И вот я, совершенно здоровый человек, разве что малость метеозависимый, явился на госпитализацию, собираясь перетерпеть хирургическую операцию на открытом сердце.
В современном бытовом сознании подобная операция, пока она касается других, вполне обыденна и допустима, но едва дело коснётся себя, представляется верной гибелью. Моё состояние ничуть не отличалось от заблуждений обыденного сознания. Я точно знал, что попаду в те доли процента, которых ждёт трагический конец. Казалось, всё происходит не со мной, а с персонажем фантастического рассказа, а я лишь наблюдаю за происходящим с глубочайшим проникновением в психологию героя. А потом, когда придёт время убирать труп, я поставлю точку, захлопну тетрадку и начну новый рассказ.
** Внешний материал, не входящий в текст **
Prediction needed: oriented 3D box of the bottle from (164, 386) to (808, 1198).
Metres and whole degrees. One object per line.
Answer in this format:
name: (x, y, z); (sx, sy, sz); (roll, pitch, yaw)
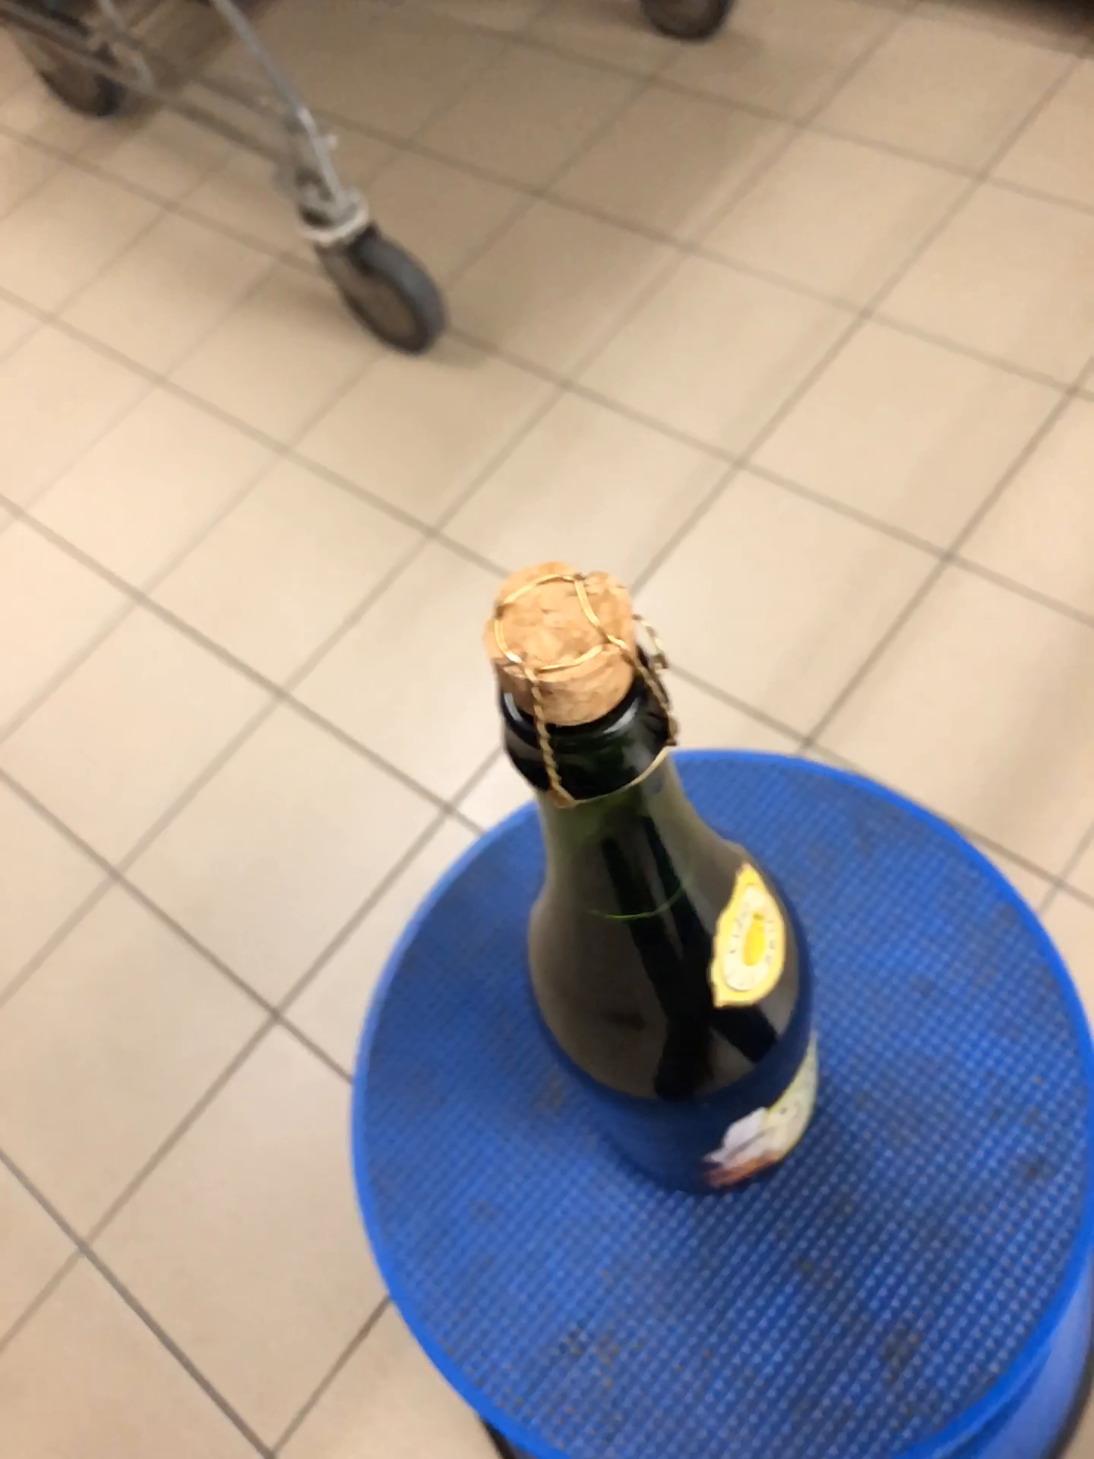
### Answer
bottle: (0.020, 0.052, 0.331); (0.090, 0.299, 0.090); (-6, 60, 11)

Не знаю, доступно ли подобное тем, кто пишет свои сочинения прямо на компьютере, минуя бумагу.
В больнице осуждённого первым делом обрили, почему-то не голову, а грудь и ноги, но это не важно: насильственно обритый человек уже делает первый шаг прочь из страны живых.
Клизма, вторая клизма, затем душ… ах, как меня будет приятно препарировать!
Осуждённого, за редким исключением это молодой, полный сил человек, наряжают в арестантскую робу, усаживают на телегу и везут к месту казни. Меня, не старого и полного сил, раздевают догола, укладывают на каталку и, прикрыв простынёй, везут по коридорам к сакральной двери с надписью: «Операционная». Непричастным к медицинскому персоналу входить в эту дверь нельзя, можно только въезжать, хорошо, что покуда головой вперёд.
Доброжелательные энергичные люди принимаются обрабатывать меня, с готовностью, не дожидаясь вопросов, объясняя, зачем и для чего нужен каждый укол и процедура.
Как-то в деревне мне довелось видеть, как режут откормленного кабанчика. Никто не желает ему зла, его выводят из тёмного закута на свежий воздух, называют ласковыми именами, хлопают ладонью по боку, моют и чешут. А попробуй иначе — визгу не оберёшься, свин начнёт метаться, разгромит всё и вся, и под нож не дастся. А так, разомлеет дурачок от неожиданной ласки и не видит, что ножик на него уже приготовлен.
Очень я себе этого поросёнка напоминал.
Под конец мне на нос надвинули маску.
— Дышите, это кислород.
— Ага, как же… Я читал описание операции, знаю, что это за кислород. Тем не менее, послушно начал дышать. Дохнул раза три и вдруг обнаружил, что сверху нет нависающего оборудования, а только потолок с квадратиками светильников, зато из моего носа торчат трубочки, и изо всех мест, куда делали уколы, тоже торчат трубочки, а руки у меня, на всякий случай, накрепко прикручены к каталке, как бы для того, чтобы я не вздумал мешать тем, кто станет меня свежевать. А это значит, что резать меня уже прекратили, и, вопреки всем своим ожиданиям, я почему-то жив.
С этого момента началось второе действие хирургической пиесы.
Кого ни спроси, все рассказывают, что отходя от наркоза, больные жутко матерятся. На самом деле, это не так. Например, мой предшественник, человек, не имевший никакого отношения к железным дорогам, открывши глаза, громко объявил: «Поезд отправляется! Прошу посторонних покинуть вагон!» Но в ту пору я этого не знал, и твёрдо решил, что уж от меня дурных слов никто не дождётся. И я принялся читать Пушкина, поэму «Медный всадник». Вообще-то, я её знаю наизусть, но сильно побаиваюсь, что очнувшись, прочёл её с большим количеством лакун и, кажется, со вставками из «Руслана и Людмилы». Но строки: «И тут же хладный труп его похоронили ради бога», — были произнесены громко и с выражением.